En esto, una voz trémula y vidriosa, como proveniente del
interior de una botella rota, les sobresaltó.
-En realidad no. Hubo una investigación, y el
caso fue archivado al considerarse un accidente.
Se volvieron. Era el tipo desaliñado y ojeroso que había
estado sentado detrás de ellos durante el concierto. El Hombre, apestaba
indudablemente a alcohol.
-Tampoco fue un tiro –prosiguió–, si no tres: uno
le destrozó el pecho, otro le alcanzó la frente, y el tercero fue al hombro; de
haber sido sólo ese, se hubiera podido salvar. Sin ninguna duda.

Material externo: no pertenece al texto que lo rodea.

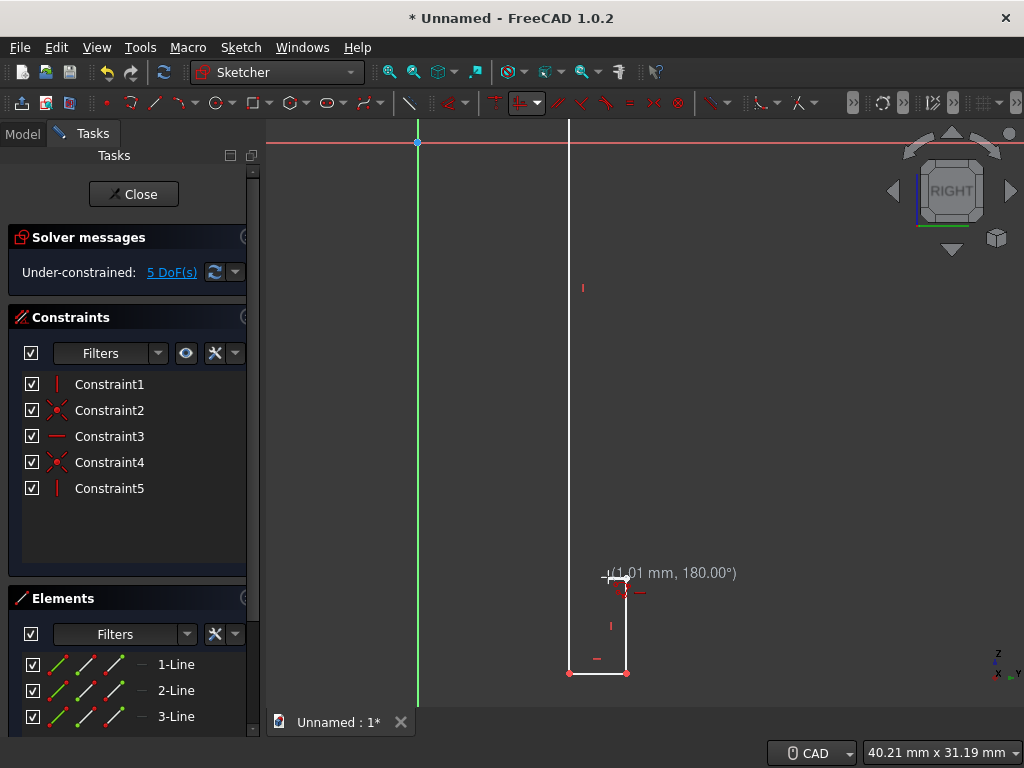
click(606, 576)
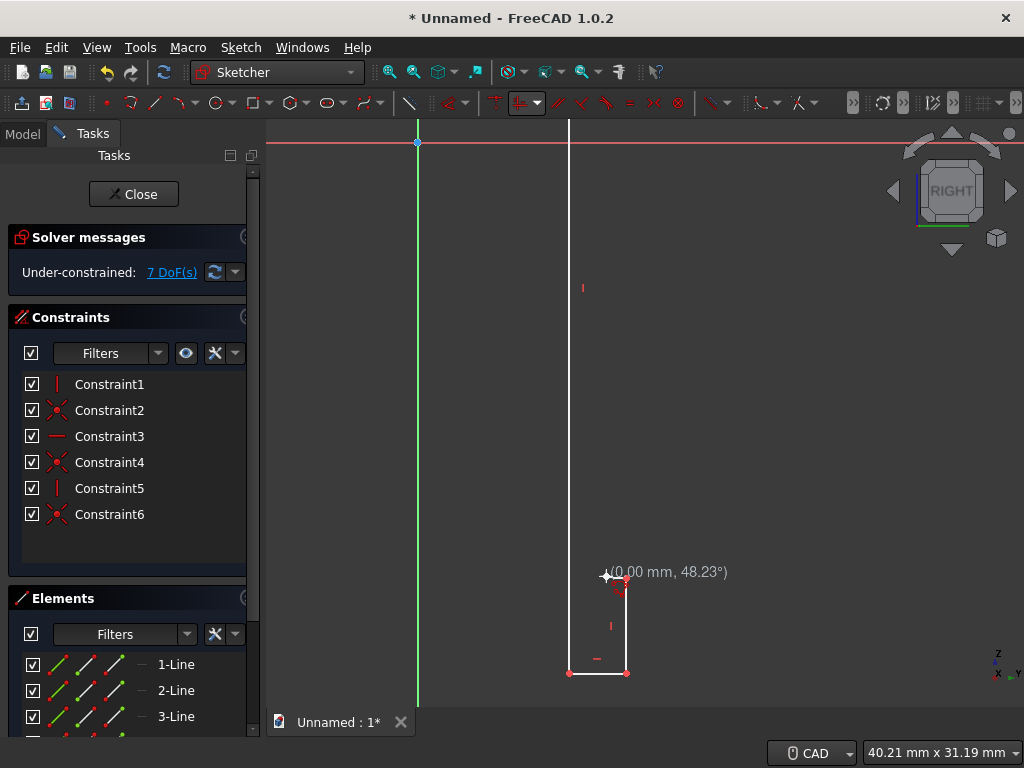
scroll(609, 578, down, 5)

Floyd y Peggy, se miraron consternados, y dirigieron sus
pasos hacia la salida; pero el Hombre, que obviamente también tenía que salir
por el mismo lugar, continuó tras ellos con su letanía.
-Los oficiales se mostraron muy comprensivos en
todo momento. ¿Saben? Al fin y al cabo, se sabía que el yerno de Webern,
traficaba en el “mercado negro”; y encima antes había estado en las “SS”. Un
mal bicho, pensaban todos; lo lógico era que su suegro, también fuese de la
misma calaña.
El Matrimonio, alcanzó nerviosamente la puerta, pero el Tipo
era persistente; y, gracias a su extrema delgadez, lograba hacerse hueco entre
la multitud que también aguardaba para salir.
-Por eso, cuando se produjo el accidente, a nadie
le dio lástima. “Ha violado el toque de queda. Allá él”. Es lo que se dijo. Al
fin y al cabo, era la Viena ocupada, y todavía quedaban muchos nazis fugados
que conservaban sus armas; Pero, luego se enteraron por los vecinos de que su
música había estado prohibida por Hitler. Un tipo al que le prohibiera componer
Hitler, no podía ser del todo malo, ¿verdad? Y… ¿Saben lo más gracioso?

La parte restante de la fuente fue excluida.